Kevin guessed that she’d been paying more attentions to the directions than he did. He was glad that one of them was certain of the way, at least. They pulled around the corner, into the Mountain View district, and Kevin saw the NASA center ahead.

Somehow, it managed to look even emptier than the rest of the city as they approached. Maybe it was just that Kevin was used to the whole place being so much busier, filled with people there to see what was going on, or there to see him, in the last few weeks. When he’d been in there relaying the messages on TV, there had been so many people waiting outside that it had seemed there was no way in or out. Now, the route to the research center was silent and still, no sign of people anywhere.

“There’s something sad about seeing it like this,” Kevin said. He thought about all the people who had been working inside when the vapor had started to come out. Would they still be in there? He hoped not.

“At least it means we’re not having to run away from people controlled by aliens,” Luna said. “I hope.”

They drove up as far as the security barrier, then Kevin and Luna got out to open it. It took both of them to move the weight of the thing, lifting it up and leaving it up so that Chloe could bring the truck through. From here, the research center looked even emptier, its size only emphasizing it. The doors all stood open, left that way by whoever had come pouring out, controlled by the aliens.

“We need to be careful,” Kevin said. “There might still be some in there.”

“There won’t be, will there?” Chloe asked. “I thought they’d all be in the ships or something by now.”

“You don’t have to come in,” Luna said.

“I didn’t say that.”

The three of them crept forward, staying quiet as they went in through the open doorway. Still, there was no sign of anyone, which managed to be both a relief and kind of creepy at the same time. All the doors inside the place were open, most of them looking as though they’d been broken open by force as the controlled people struggled to get out.

“At least it means that we’ll be able to get where we need to go,” Luna said.

“Where do we need to go?” Chloe asked, looking over to Kevin. “Which way?”

“The computer pit,” Kevin said. He’d been thinking about this most of the way up. They would need to find a way to get the computers to reorient the radio telescopes to match the numbers in his head, then listen to the feed in the room the scientists had set up for him to do just that.

He started to lead the way, through doorways that he’d never had clearance for, thinking about all the people he’d seen working there in the different labs and offices.
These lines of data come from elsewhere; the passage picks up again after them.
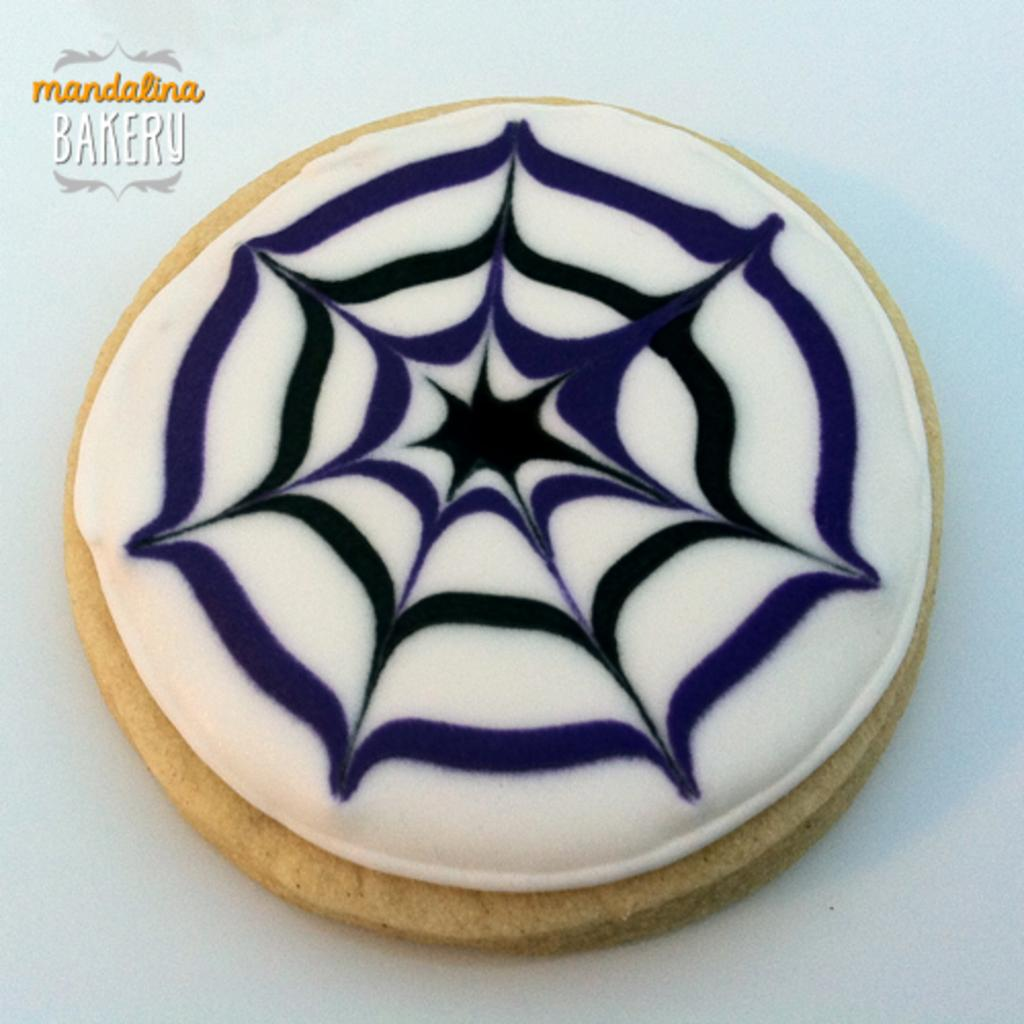What is the main subject of the image? There is a cake in the image. What color is the cream on the cake? The cake has white cream. Are there any other colors of cream on the cake? Yes, the cake has blue and black cream lines. What bakery is the cake from? The cake is from Mandolin Bakery. What hobbies does the cake enjoy in the image? The cake is an inanimate object and does not have hobbies. Can you see a match near the cake in the image? There is no match present in the image. 
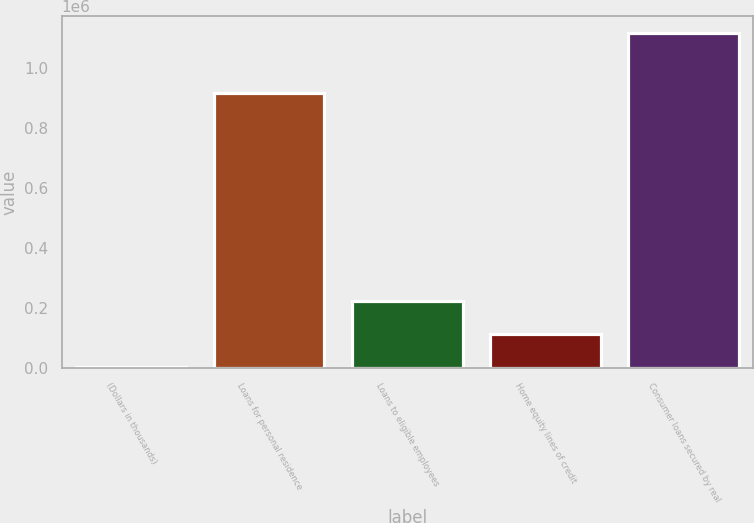Convert chart. <chart><loc_0><loc_0><loc_500><loc_500><bar_chart><fcel>(Dollars in thousands)<fcel>Loans for personal residence<fcel>Loans to eligible employees<fcel>Home equity lines of credit<fcel>Consumer loans secured by real<nl><fcel>2014<fcel>918629<fcel>225234<fcel>113624<fcel>1.11812e+06<nl></chart> 
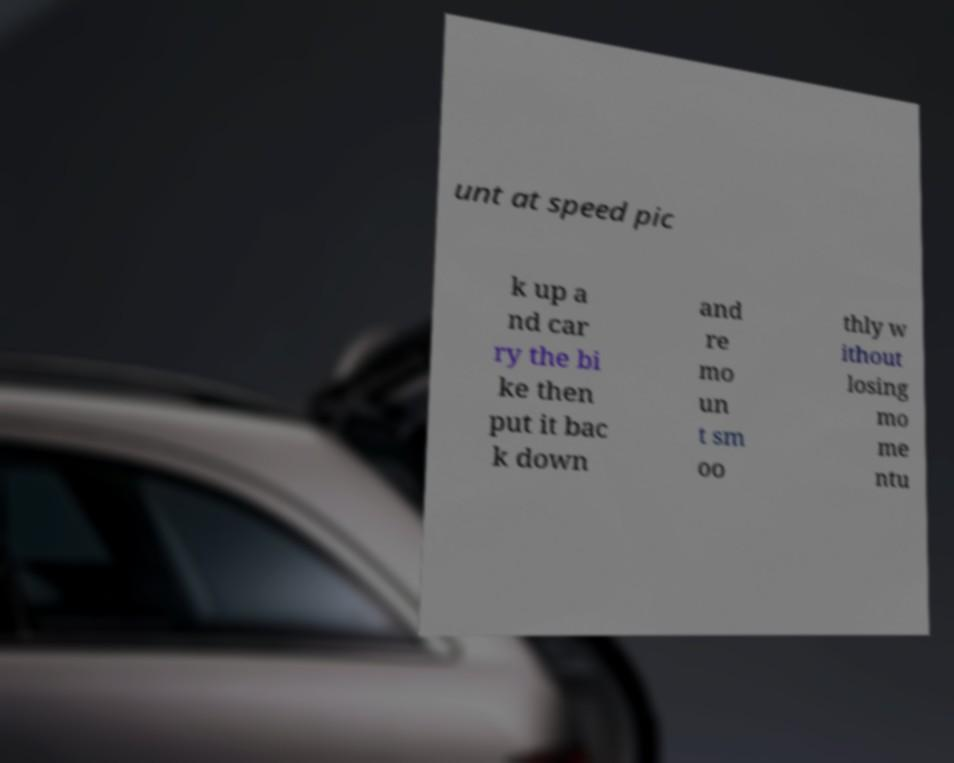There's text embedded in this image that I need extracted. Can you transcribe it verbatim? unt at speed pic k up a nd car ry the bi ke then put it bac k down and re mo un t sm oo thly w ithout losing mo me ntu 
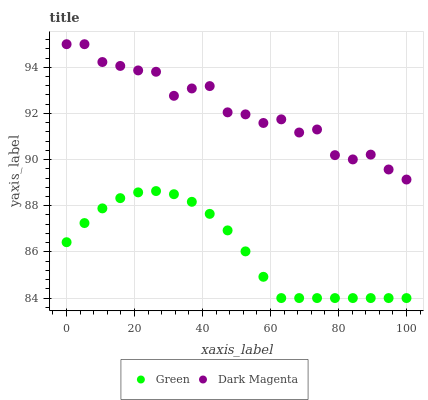Does Green have the minimum area under the curve?
Answer yes or no. Yes. Does Dark Magenta have the maximum area under the curve?
Answer yes or no. Yes. Does Dark Magenta have the minimum area under the curve?
Answer yes or no. No. Is Green the smoothest?
Answer yes or no. Yes. Is Dark Magenta the roughest?
Answer yes or no. Yes. Is Dark Magenta the smoothest?
Answer yes or no. No. Does Green have the lowest value?
Answer yes or no. Yes. Does Dark Magenta have the lowest value?
Answer yes or no. No. Does Dark Magenta have the highest value?
Answer yes or no. Yes. Is Green less than Dark Magenta?
Answer yes or no. Yes. Is Dark Magenta greater than Green?
Answer yes or no. Yes. Does Green intersect Dark Magenta?
Answer yes or no. No. 
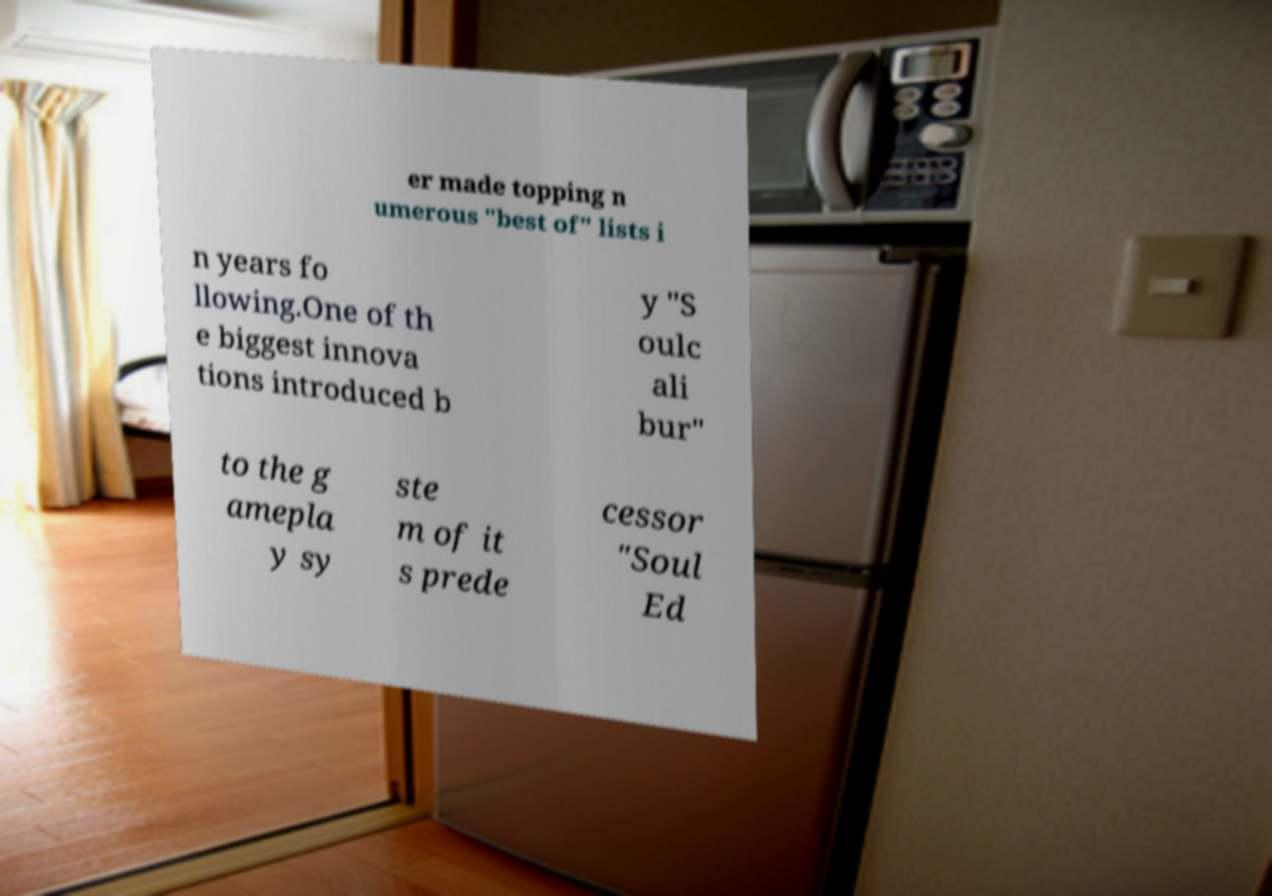Please read and relay the text visible in this image. What does it say? er made topping n umerous "best of" lists i n years fo llowing.One of th e biggest innova tions introduced b y "S oulc ali bur" to the g amepla y sy ste m of it s prede cessor "Soul Ed

All of them were gone now, their things left behind as if they might be back for them at any moment.

“It’s like a ghost ship,” Chloe said, echoing what he was thinking. “Or like one of those towns where everything is set for dinner, and the people are just… gone.”

It was definitely a weird feeling, but Kevin did his best to ignore it as he led the way down to where they stored the supercomputers that the research center had been working on. He had no doubt that one of them would be able to let them hear the signal, even if he wasn’t quite sure how they would do it. They’d have to work that part out as they went.